# Wife feels rejected by my sister and adult daughter (from prior marriage)



## Not2Lucky (Jun 5, 2013)

My wife complains that she does not feel comfortable around my adult daughter from a past marriage or my sister. My wife was an only child and she and her mother are last in her family line. Her main complaint is that she had expectations of having a big family that she would be close with after our marriage (some 5 years ago now). But this hasn't developed the way she wanted.

She feels that she is not able to connect with my daughter who is married herself with a young child. She sees that most of the communication between my family and us is through me rather than with her directly. 

This is not new and has been going on for the duration of our marriage. When my wife brings up the subject she sort-of self-escalates the discussion to the point of quasi-threatening divorce because she can't see herself going thru the rest of her life without this big, loving supportive family around her. From my point of view, I really don't see anything unusual going on other than her own attitude. What I do think is happening is that she is sending her own body language signals of discomfort and receiving the same in response, creating a bit of a negative feedback loop.

I have a rather large family and we get together several times a year for holidays, etc. Everyone gets along well. But my wife seems to expect that when we enter the room everyone should be looking our way and giving us a big holiday welcome (which she claims she got in the past with her ex-husband's and other families). My family has never been that way. We love each other dearly and have no internal conflicts. But we are not big dramatic holiday show-folks. I try and explain that but to no avail.
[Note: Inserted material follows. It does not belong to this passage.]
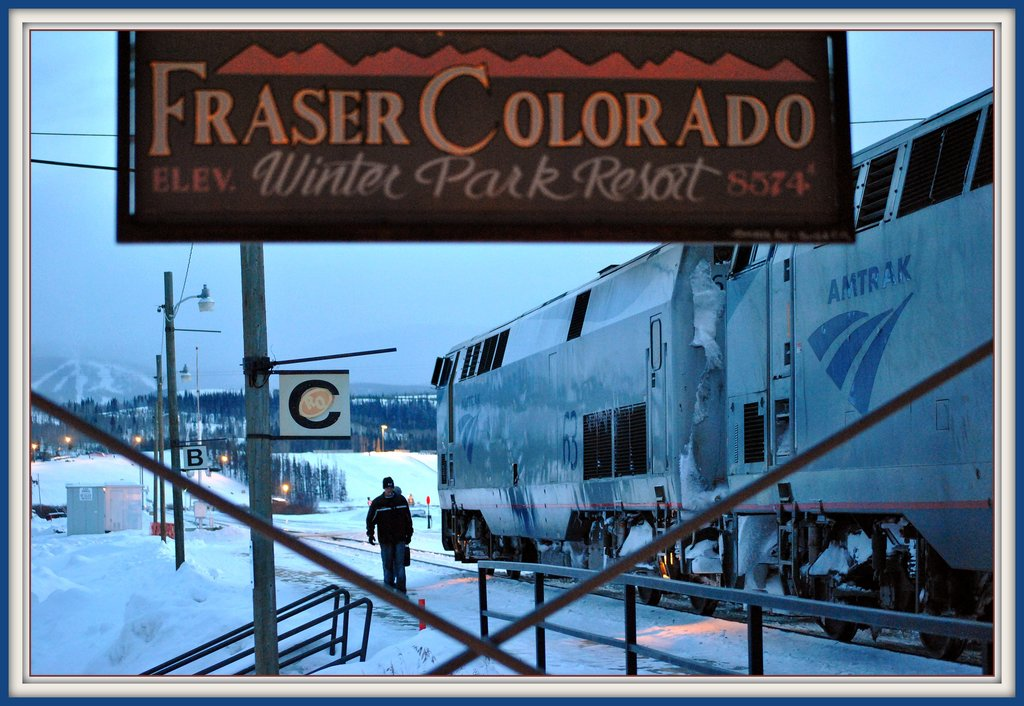Can you describe the atmosphere suggested by the lighting and the scenery in this image? The image portrays a serene and possibly early morning or dusk atmosphere, emphasized by the soft blue and cold tones that envelop the station. The lighting is subtle, with the train and station lightly illuminated, which contrasts with the twilight engulfing the surrounding snowy landscape. This setting suggests a quiet, almost contemplative moment before the day's bustle or as it winds down.

My wife gets along very well with my mother and all the men in the family. It is mainly my daughter and sister that trouble her and she imagines that they are conspiring against her.

I've personally become a bit numb to the whole thing as it has been going on for years. But as it just came up again today (triggered by the fact that I bumped into her foot with a shopping cart last night and wasn't apologetic enough), I thought I'd have a look at the internet and see if anyone else runs into this kind of thing and what possible advice I might find.

Thanks for reading.


----------



## Hicks (Jan 14, 2011)

When she complains about this you say to her 

Wife, I have a saying... "if it's going to be, it starts with me"

And then move along to the next subject.

You can't let your wife's irrational phobias take on alot of prominence in your marriage, but you cannot be dismissive either.


----------